Writer: Ed Brisson / Artist: Carlos Gomez /Marvel
“In the land of the blind, the one eyed man is king.” – Desiderius Erasmus
The return of a legend: fan-favorite X-Men leader Scott Summers aka Cyclops aka Cyke aka Scotty Bluetights aka Slym Dayspring aka Gloomy Face. After dying a senseless and anticlimactic death during the Mutant-Inhuman Wars in the “Death of X” mini-series, Xavier’s star pupil joins the living to reclaim and rethink his position in the message of his mentor. Timing was never his strong suit (how long did it take Cyke and Jean to get married? 34 years?), and so of course, Cyclops is back, but the X-Men have already been wiped away by X-Man on the beaches of British Columbia.
Death is Not the End
Cyclops was first shown alive in the final panel of Extermination #5 after Kid Cable successfully sent the Original Five back to their timeline. This issue fills the how, why, and what happened to bring a dead man back to life. Using the entire timeline as his office, Kid Cable pinpoints a key moment in Cyclops’ life as the key to reviving his father. Several stylized pages follow – tinted, inked, and penciled in an impressive homage to the Golden Age style of early X-Men comics. During one of his “off-days,” Cyclops saves the life of a research student under attack from a giant robot controlled by deranged technology professor who loses his job. Thankful, the student promises to do whatever he can for Cyclops to repay him. Kid Cable visits the man in the future, forcing him to make good on his deal by making a Phoenix Cage small enough to use enough Phoenix force to bring someone back to life. Kid Cable gives him two years to complete the project. When it works, Kid Cable keeps his locked away until “the time is right.” That time is apparently now.
Just as Cyclops readies himself to rejoin the X-Men, Kid Cable presents him with a dilemma in order to see what kind of man emerged from the grave. He gives Cyclops the choice of saving the man who brought him back to life, or of joining the X-Men on a beach in B.C. to fight a battle they cannot win. Ultimately, Summers chooses to maintain the karmic circle of his connection to the stranger who saved him.
Since You’ve Been Gone . . .
Cyclops has gone through a lot in his lifetime and sacrificed even more to protect mutant-kind. He lost his parents in a plane crash (or at least he thought), grew up in an orphanage, lost his wife and soulmate three-times to death, gave up his infant son to be raised in a distant future, and those are just his normal problems. Has he always been right? Judge not lest ye be judged. Has he always protected his people? Damn right. After House of M, Cyclops took it upon himself to not just protect Xavier’s dream, be it by any means necessary. Some claim he turned toward being a villain, more along the morality of Magneto. I say Cyclops evolved into the man he was always meant to become. A real leader adapts and serves the needs of the mission and those under their care first and foremost. Even when greenlighting black-ops hit squads, Cyclops had a goal in the mind – the preservation of his people.

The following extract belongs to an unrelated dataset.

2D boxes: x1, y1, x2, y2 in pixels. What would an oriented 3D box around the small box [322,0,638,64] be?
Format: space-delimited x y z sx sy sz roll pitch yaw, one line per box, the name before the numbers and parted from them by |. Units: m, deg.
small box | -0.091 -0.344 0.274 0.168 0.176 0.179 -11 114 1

This annual is actually the best issue of the Uncanny X-Men revival. While the previous ten issues in the Disassembled arc carried rosters of 20+ X-Men per book, this annual feels like a breather. Focused on character and streamlined, the issue tells its story well. Visually, penciller Carlos Gomez provides dynamic, smooth, and emotive scenes that are both detailed and breathable. Brisson, as the lone writer on the book, provides a well-structured, well-paced script that ultimately brings us a to moment of ultimate letdown. While this issue of Uncanny X-Men Annual presents a really well-structured story that touches on ideas of family, fatherhood, and responsibility, the realization accepted by Cyclops at the resolution feels wrong.
The question remains – is the revived Cyclops the Cyclops we want or need right now?